» WHAT THIS TASK INVOLVES: Using the records below, write out only the lines from the line containing "The image size" up to and including the line containing "Task: Locate the", exactly, with no pictures.

» INPUT FOR THIS TASK:
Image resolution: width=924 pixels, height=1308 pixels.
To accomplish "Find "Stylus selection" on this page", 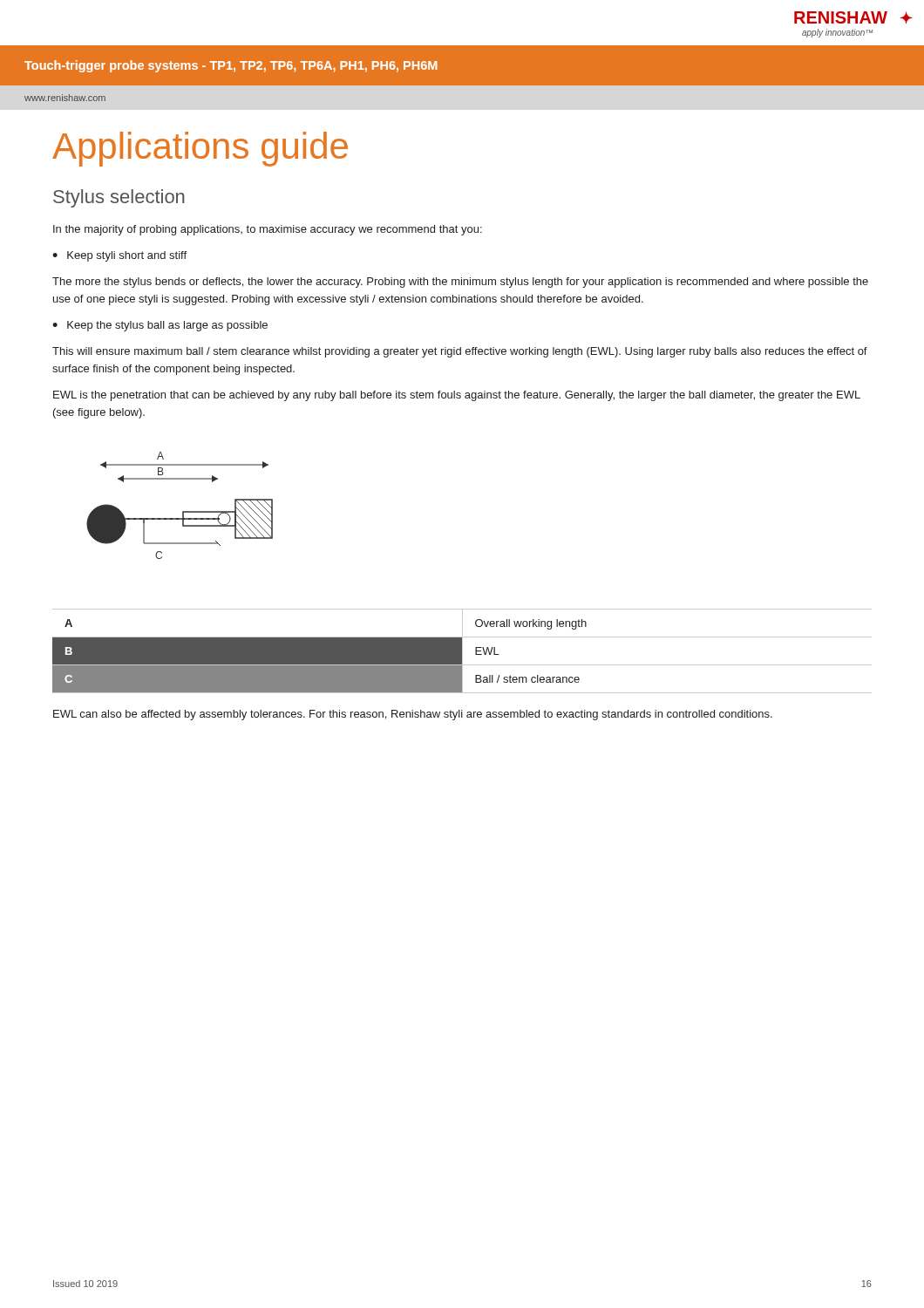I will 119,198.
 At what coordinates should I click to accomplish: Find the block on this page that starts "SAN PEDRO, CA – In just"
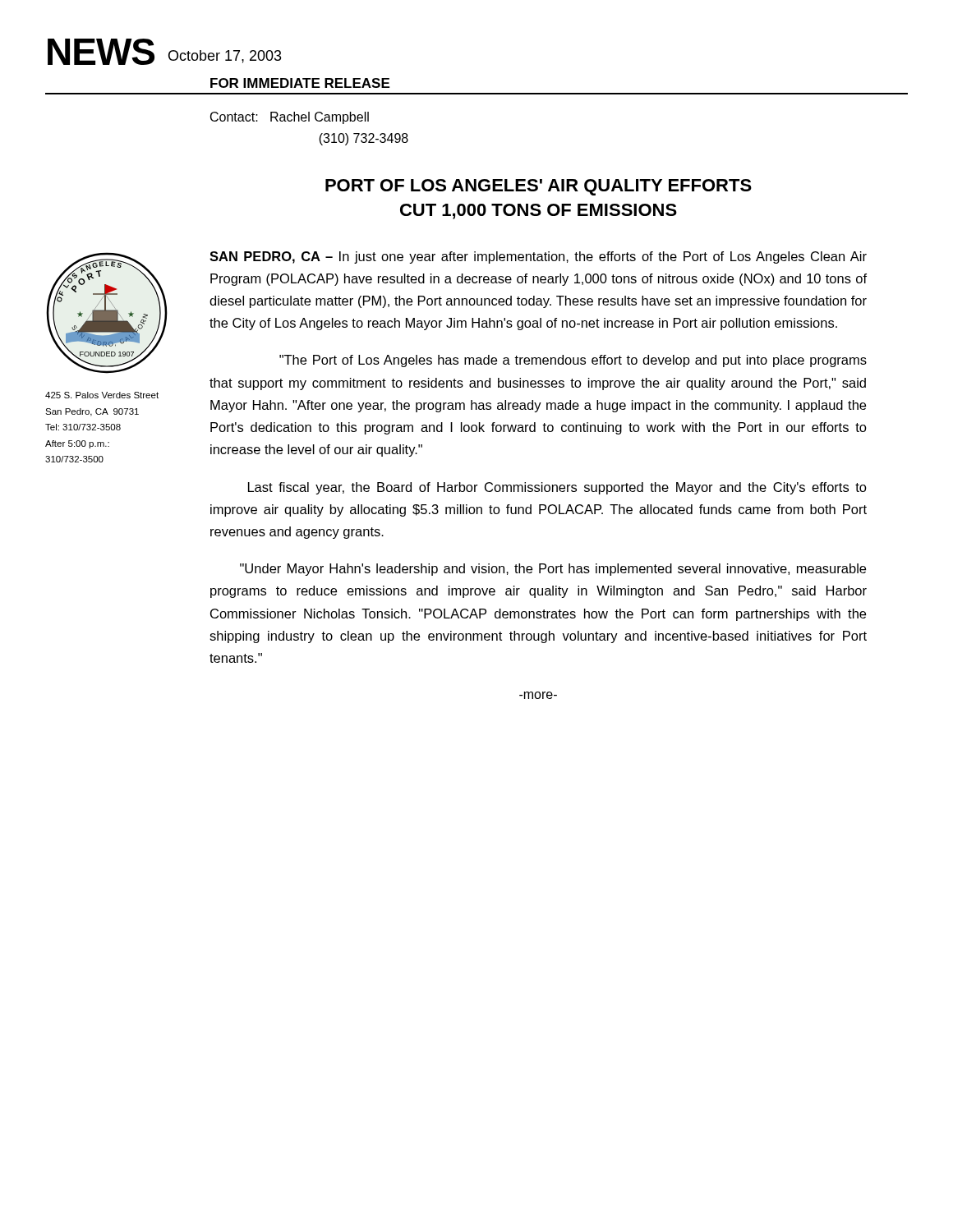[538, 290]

==

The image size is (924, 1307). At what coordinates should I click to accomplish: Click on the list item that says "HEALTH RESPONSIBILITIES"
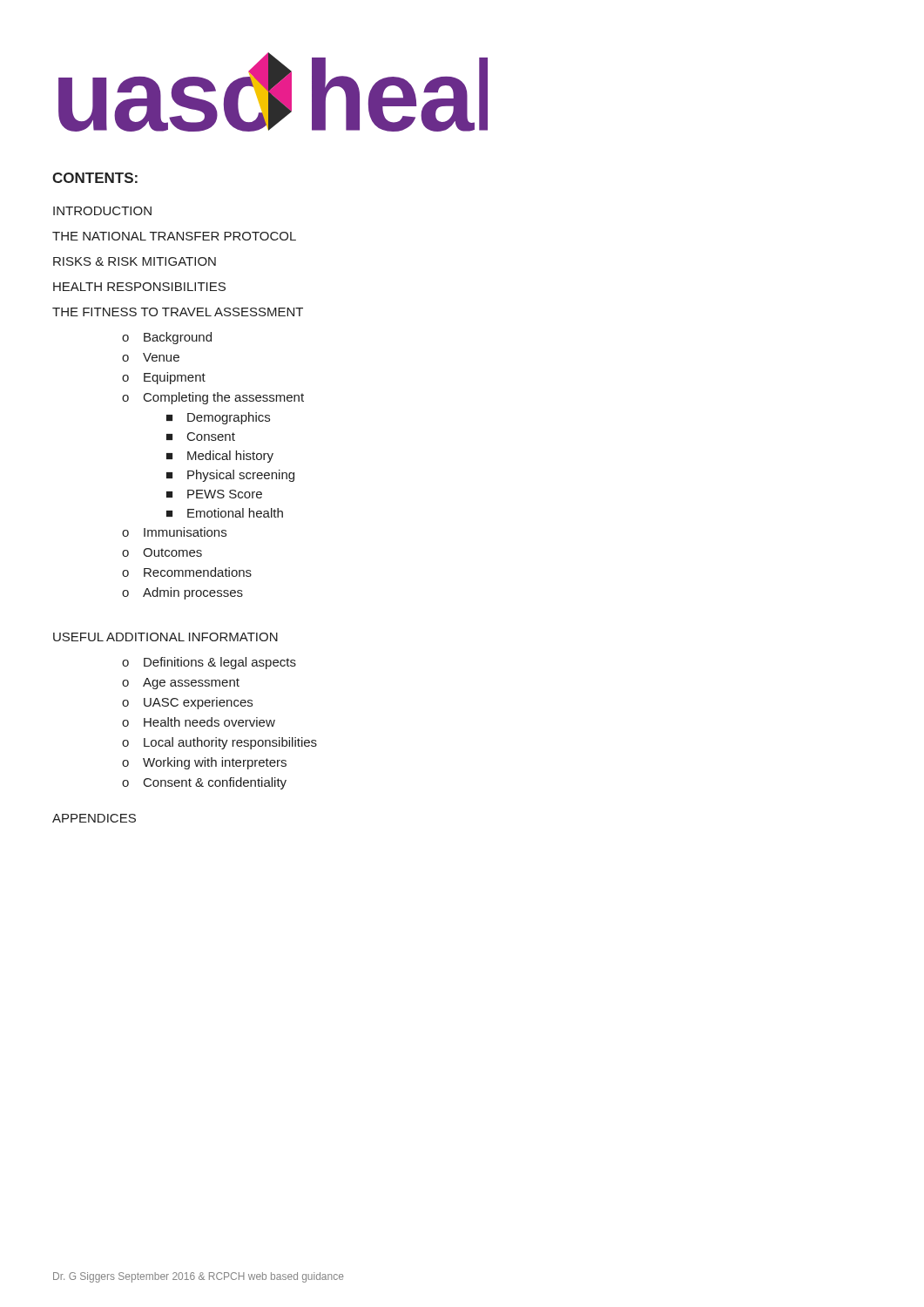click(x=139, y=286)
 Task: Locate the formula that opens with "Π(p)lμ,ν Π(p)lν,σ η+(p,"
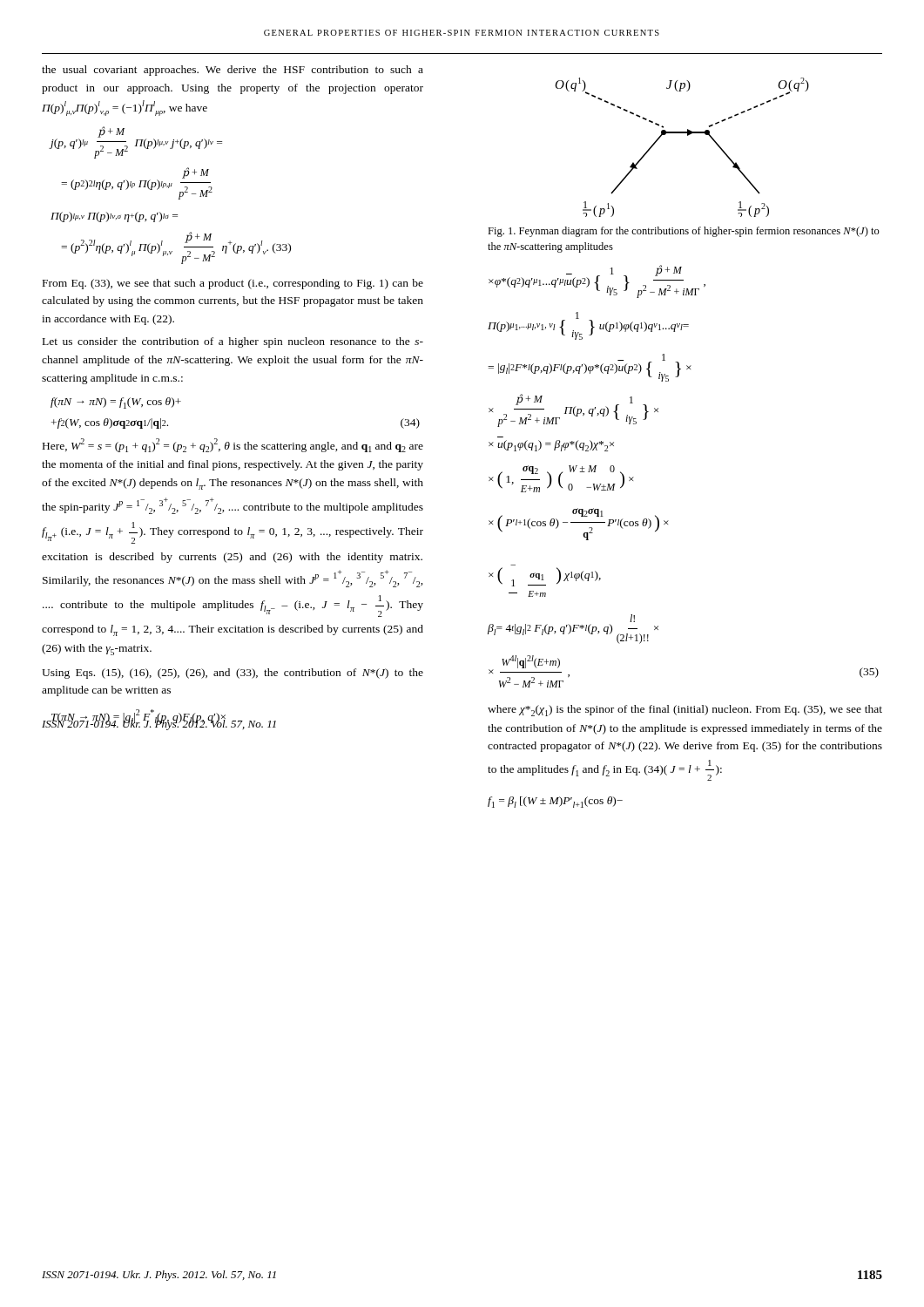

» RESPONSE AREA:
The image size is (924, 1307). At what coordinates should I click to accomplish: Click on the list item that says "HEALTH RESPONSIBILITIES"
click(x=139, y=286)
 Task: Locate the formula that opens with "Π(p)lμ,ν Π(p)lν,σ η+(p,"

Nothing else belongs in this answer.